■ What to produce:
Print the entries exactly as they appear, and omit any images.

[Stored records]
#####

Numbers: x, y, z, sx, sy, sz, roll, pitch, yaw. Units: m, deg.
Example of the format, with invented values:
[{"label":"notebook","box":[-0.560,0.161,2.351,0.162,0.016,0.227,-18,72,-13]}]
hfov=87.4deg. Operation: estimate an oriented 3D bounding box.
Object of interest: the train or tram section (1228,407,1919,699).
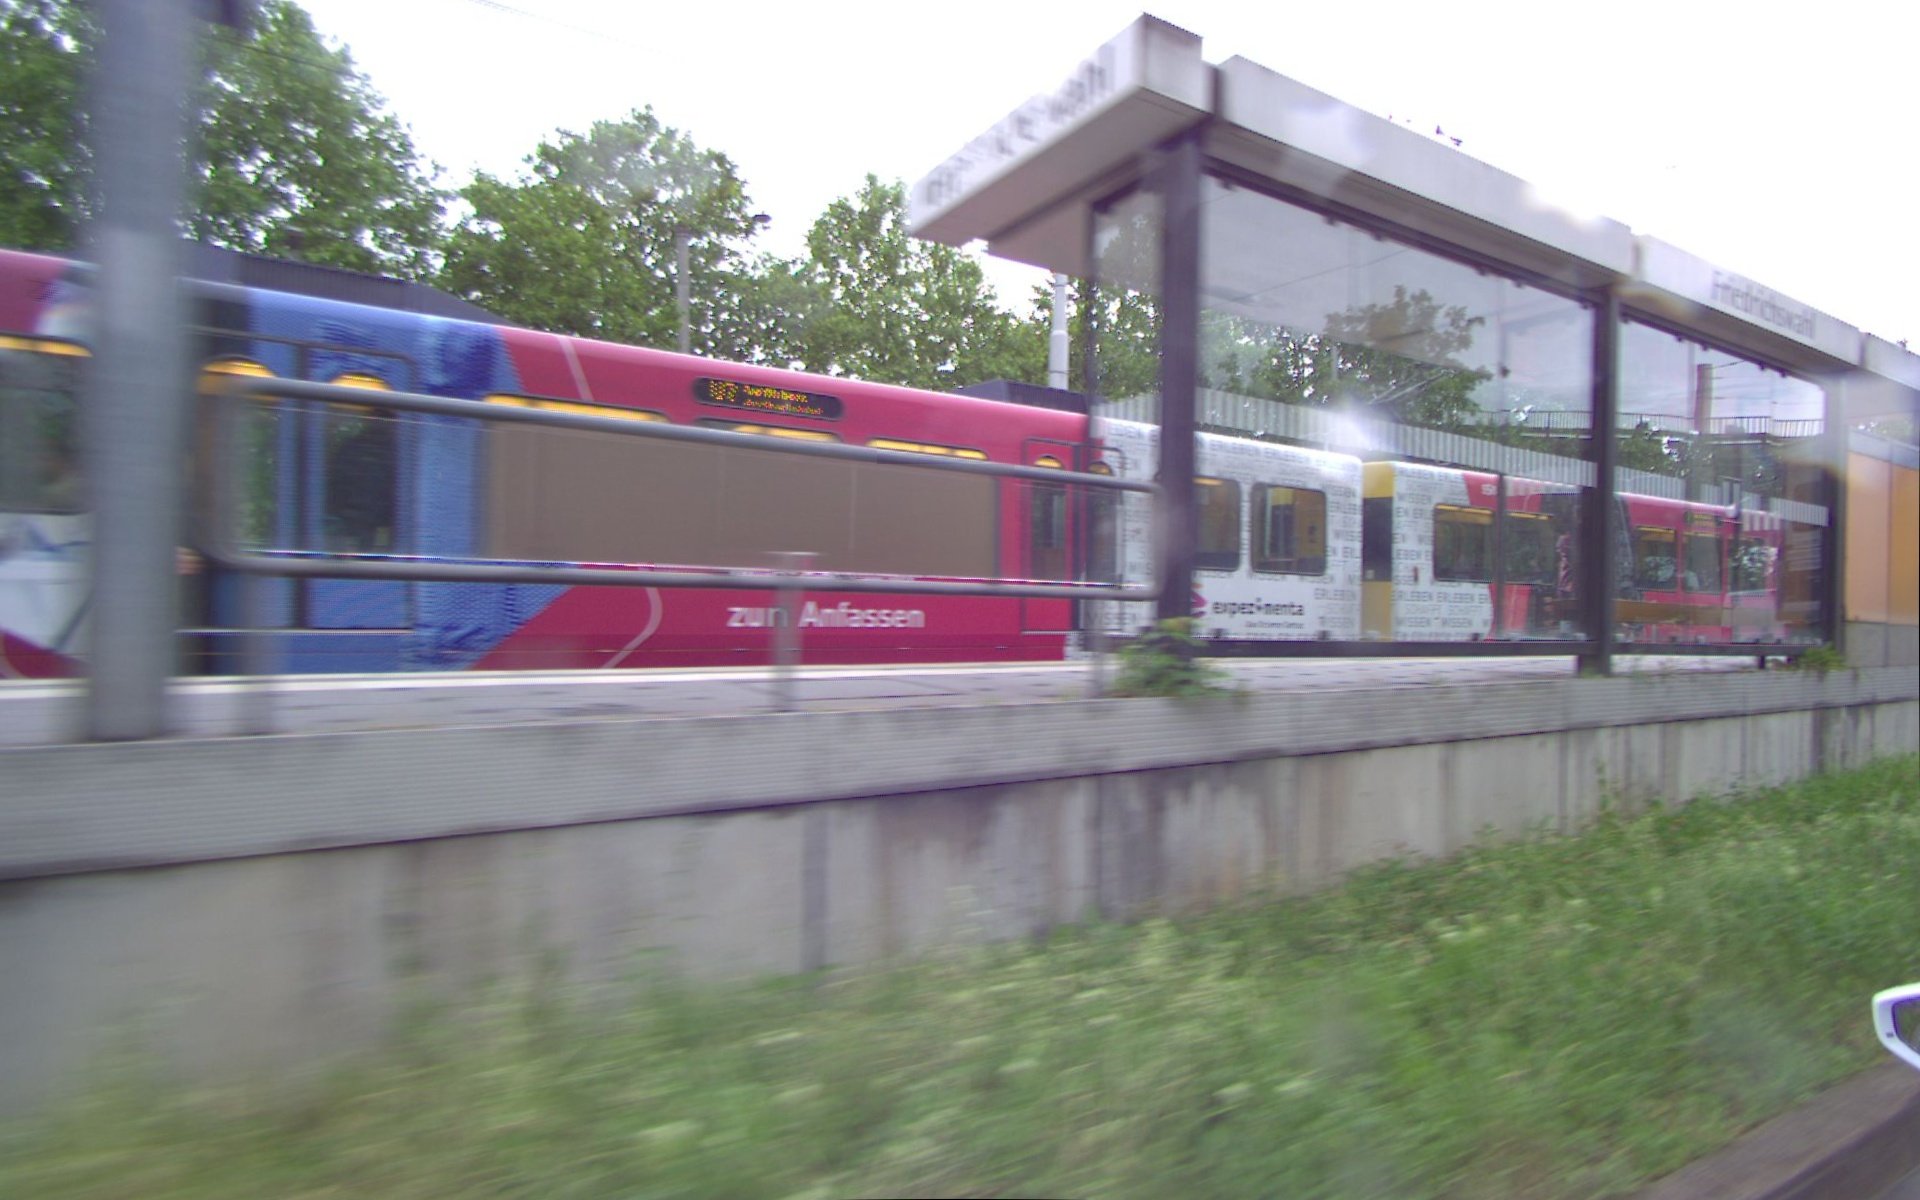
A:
[{"label":"train or tram section","box":[13.409,-0.369,19.763,19.100,4.014,2.854,2,2,-30]}]

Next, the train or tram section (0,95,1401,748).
[{"label":"train or tram section","box":[-2.910,-1.004,9.830,19.117,4.024,2.852,2,2,-32]}]

#####

■ Result of this task:
Numbers: x, y, z, sx, sy, sz, roll, pitch, yaw. Units: m, deg.
Example of the format, with invented values:
[{"label":"notebook","box":[-0.560,0.161,2.351,0.162,0.016,0.227,-18,72,-13]}]
hfov=87.4deg. Operation: estimate an oriented 3D bounding box.
Object of interest: the train or tram section (1228,407,1919,699).
A:
[{"label":"train or tram section","box":[13.409,-0.369,19.763,19.100,4.014,2.854,2,2,-30]}]

Next, the train or tram section (0,95,1401,748).
[{"label":"train or tram section","box":[-2.910,-1.004,9.830,19.117,4.024,2.852,2,2,-32]}]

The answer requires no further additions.